Corbyn doesn’t want to be the person at the Cenotaph in front of the union flag; he doesn’t want to meet the Queen, or find common ground with Nicola Sturgeon, or admit that the chasm between his agenda and the Greens’ is really no more than a crack in the pavement, one that any two Conservatives would step jauntily over. He doesn’t want to wear a tie or have a cup of tea with Tim Farron or stand in front of cameras with all the other world leaders. I don’t blame him. I wouldn’t want any of those things either. But no electorate is going to drag him down that aisle: in a modern democracy, you just can’t get the monks.
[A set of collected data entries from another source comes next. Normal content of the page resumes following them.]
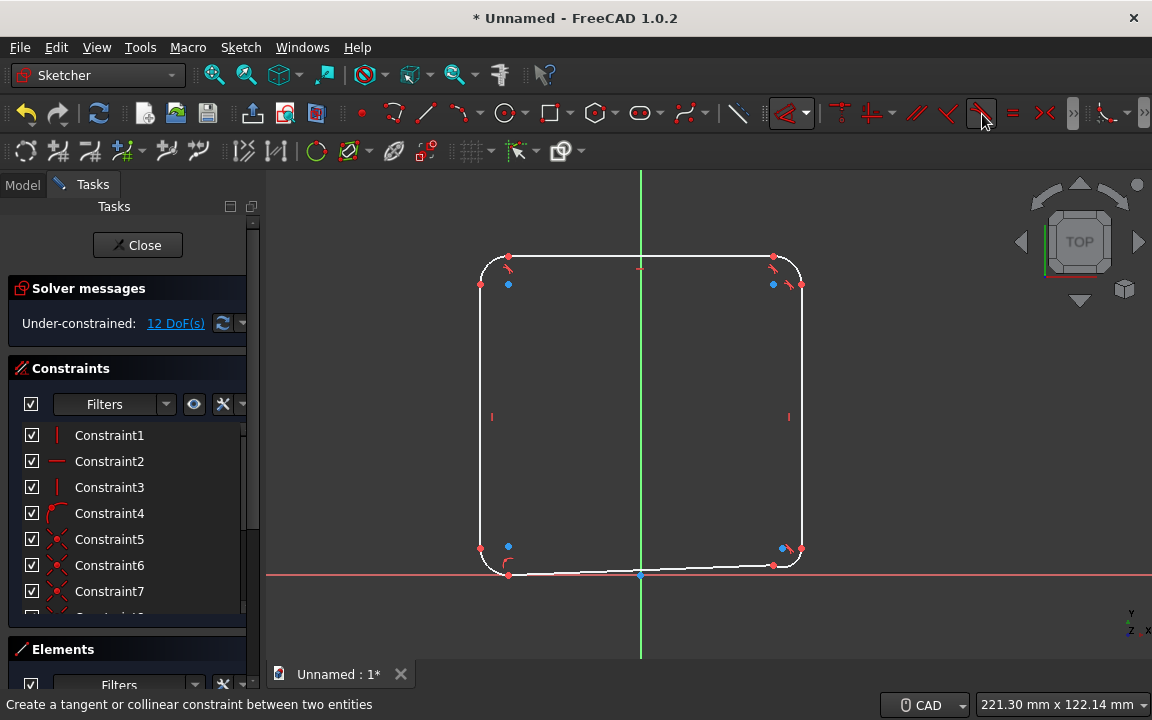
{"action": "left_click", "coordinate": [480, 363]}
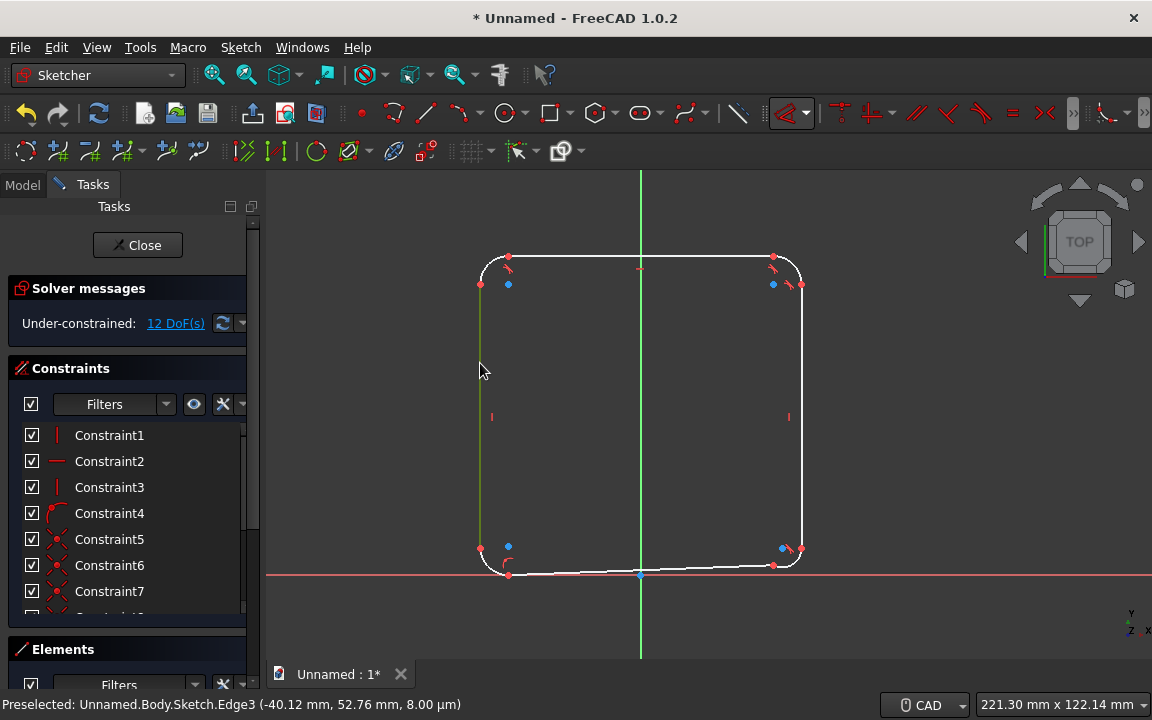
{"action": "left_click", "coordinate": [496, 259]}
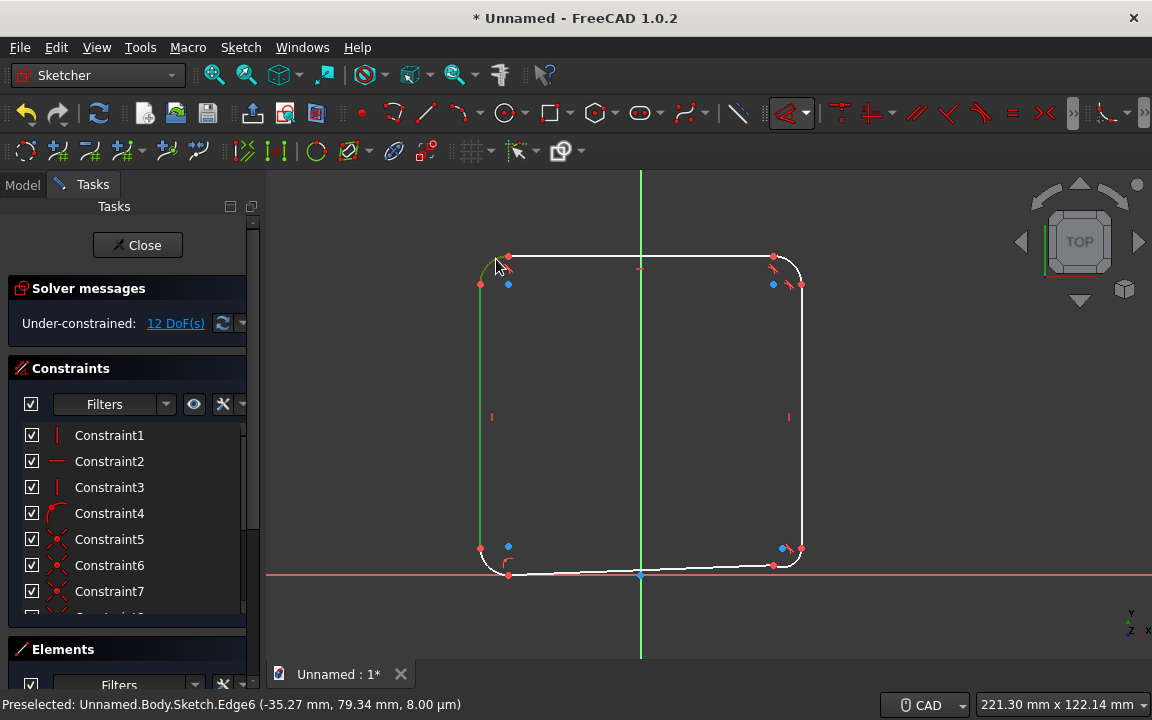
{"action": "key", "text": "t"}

No amount of spinning or grooming or looking Zen on Andrew Marr will make him look any way other than how he always has, an outsider by choice; more than choice, vocation. The progressive case will move faster when his allies and near-allies stop trying to tease failure from his policies and his speeches. There is nothing wrong with the direction or the analysis; no left-leaning party would lead on anything other than saving the NHS, building social housing and reducing inequality. Yet, at the same time, expecting undecideds to be won over by his very particular brand of contrarianism isn’t realistic.

It is only from a distance that leadership looks like the be-all-and-end-all. The closer people get to their own sovereignty – not in the Ukip sense, “a rousing word that sounds a little bit regal”, but the literal sense, the lowest point at which you can exert your power meaningfully on a state process – the more they talk about alliances and agendas; and the less they talk about a single saviour galloping in to mend politics. All over the country, local members of different progressive parties are making deals to maximise their chances, whether it’s the Greens in Ealing Central and Acton stepping aside for Rupa Huq or all the progressives (so far) making way so that Sophie Walker from the Women’s Equality party can take on the odious Philip Davies MP.
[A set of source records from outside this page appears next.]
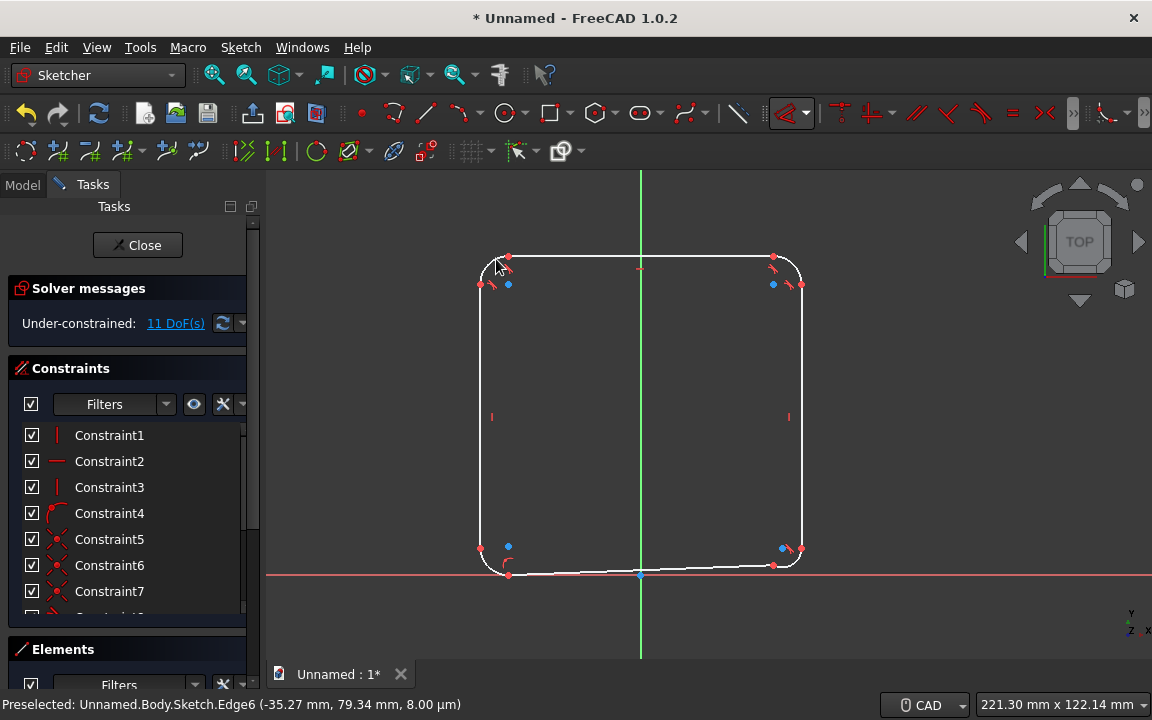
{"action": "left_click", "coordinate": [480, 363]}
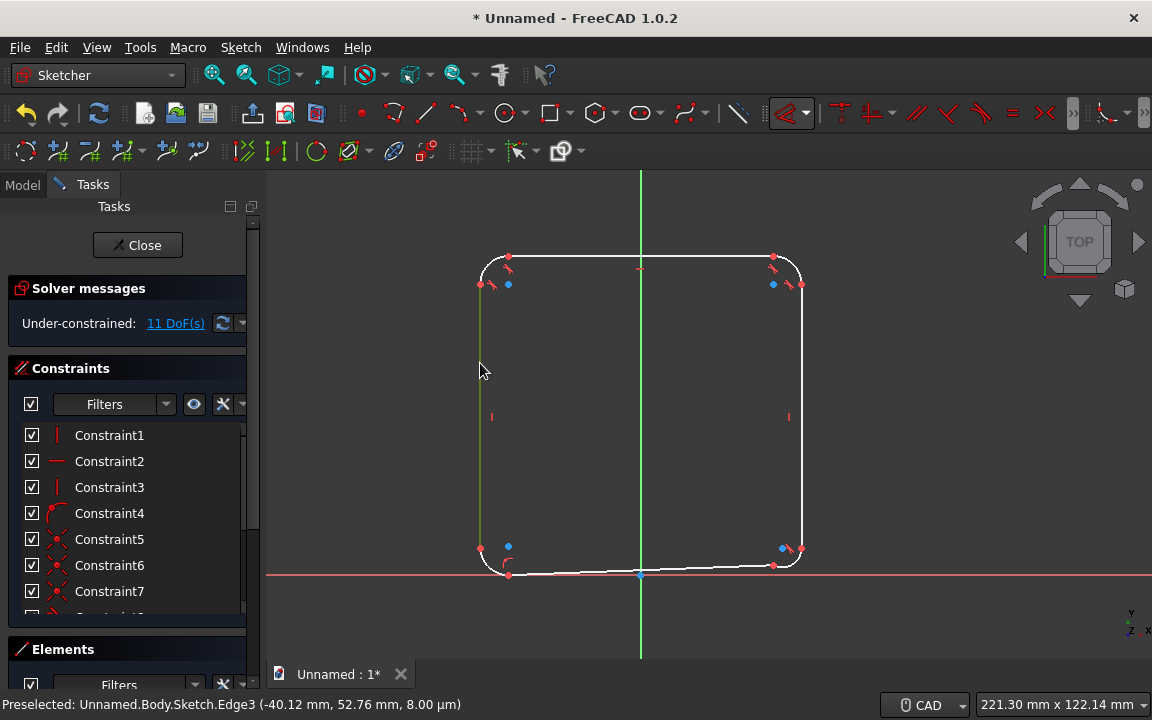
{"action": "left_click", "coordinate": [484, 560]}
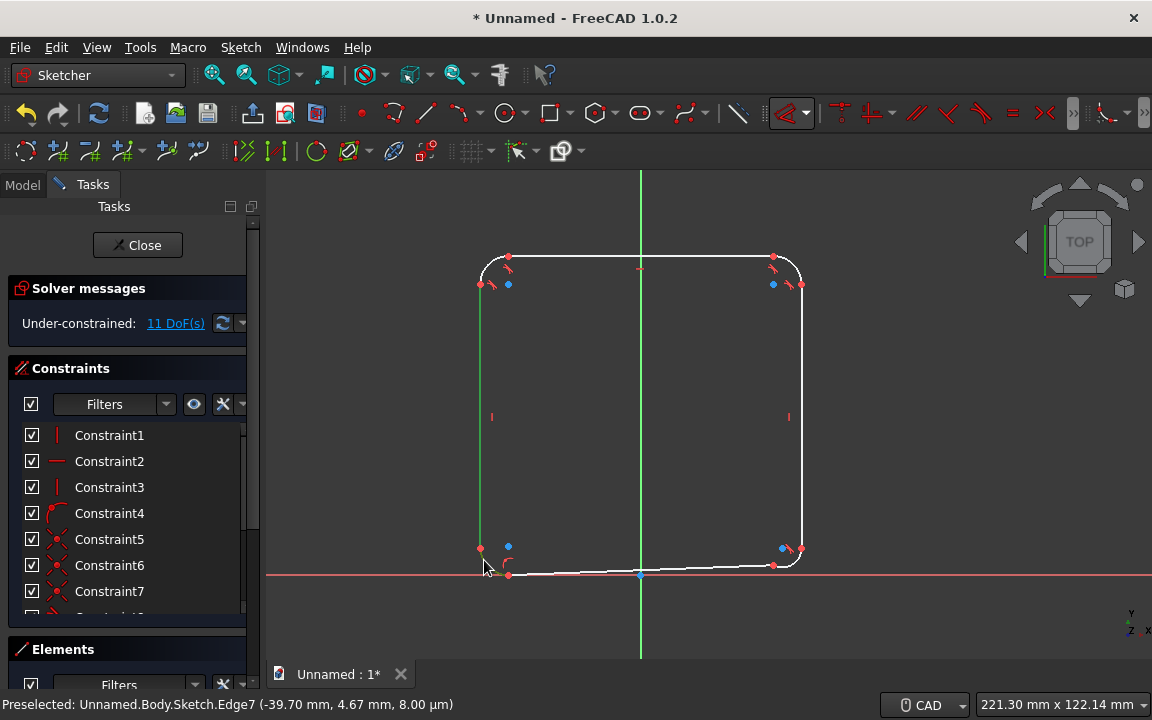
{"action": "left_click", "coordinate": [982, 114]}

This kind of discussion is happening everywhere, particularly in the south west, somewhat in the south east, but also Leeds, Hull, really, across the country. Not everyone is doing it because they doubt Corbyn’s leadership abilities. A good few are convinced he should be prime minister and are just trying to break open some options while they wait for the rest of the country to realise. Still, unavoidably, when you talk about a progressive alliance, you are giving up on a politics that is defined by a single personality.
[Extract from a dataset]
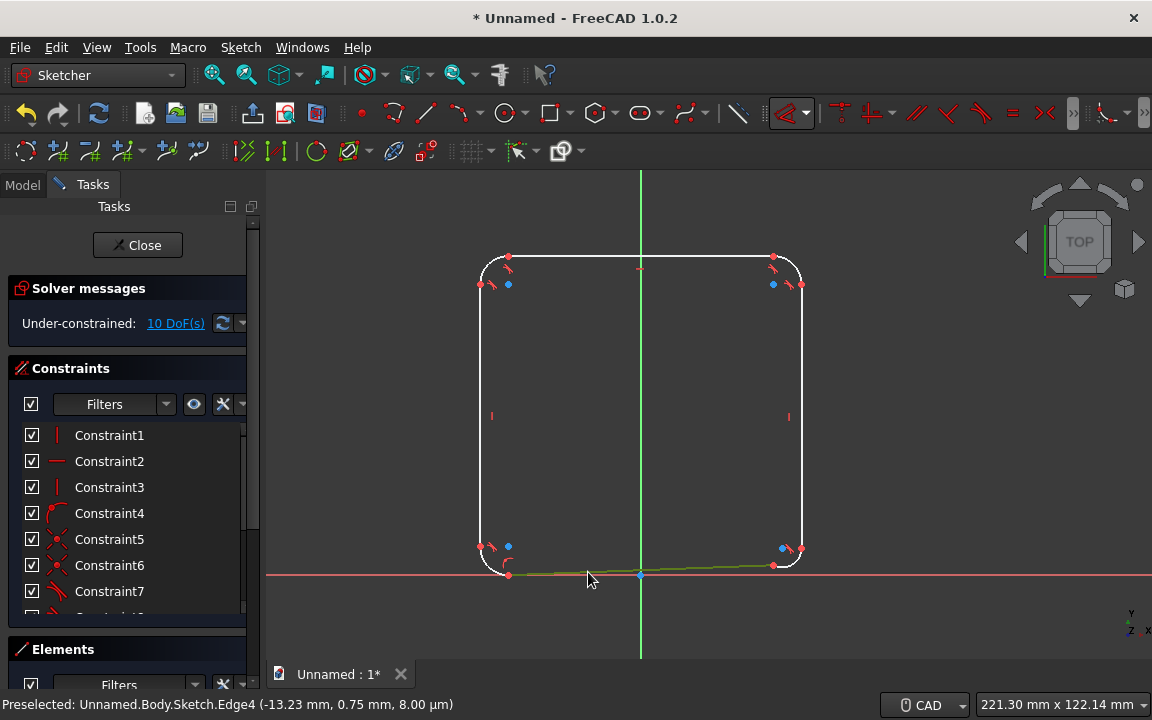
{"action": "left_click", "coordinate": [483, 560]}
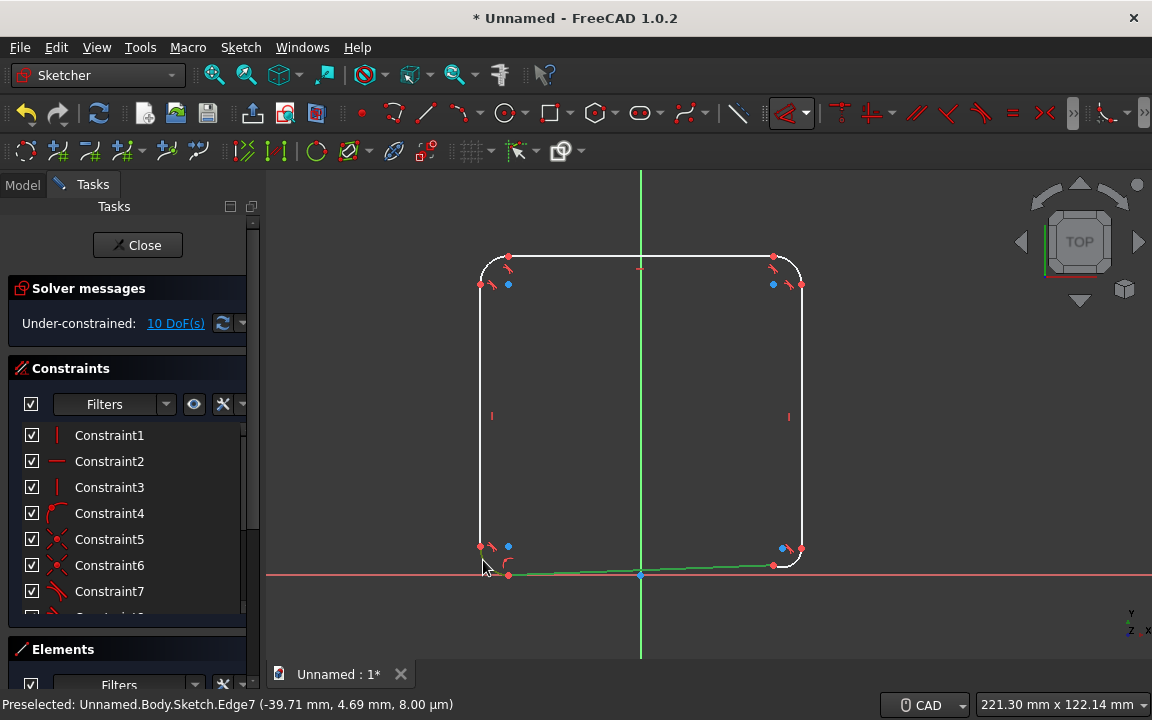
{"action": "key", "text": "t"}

And this is giving up a lot: not just a prevailing understanding of the world so far, a string of personalities intersecting with each other, and with fortune. Inevitably, you give up on the idea of a single, dominant leftwing party whose elemental power is all sitting there, stored in a rock, waiting for the right person to pull a sword out of it. It’s unnerving and obscurely unglamorous to rethink the left as a set of movements coming together and springing apart, more like line dance than a battalion. But it’s the only way politics will be transformed.

The electorate isn’t tribal any more. A Scottish unionist who has never voted anything but Labour is now more likely to vote Conservative. A centrist French anti-fascist is more likely to vote hard than soft socialist. Everything is more fungible except the rigid centre – if it cannot catch up, it will look ever more hamstrung and perverse.

If you oppose hard Brexit, if you can’t stomach unending Tory dominance, if you want authentic politics and can no longer bear to watch the humourless, camp, keep-calm-and-carry-on bilge that is currently suffocating it, you are already part of a progressive alliance. The question is whether you’re an active player or a sleeping partner.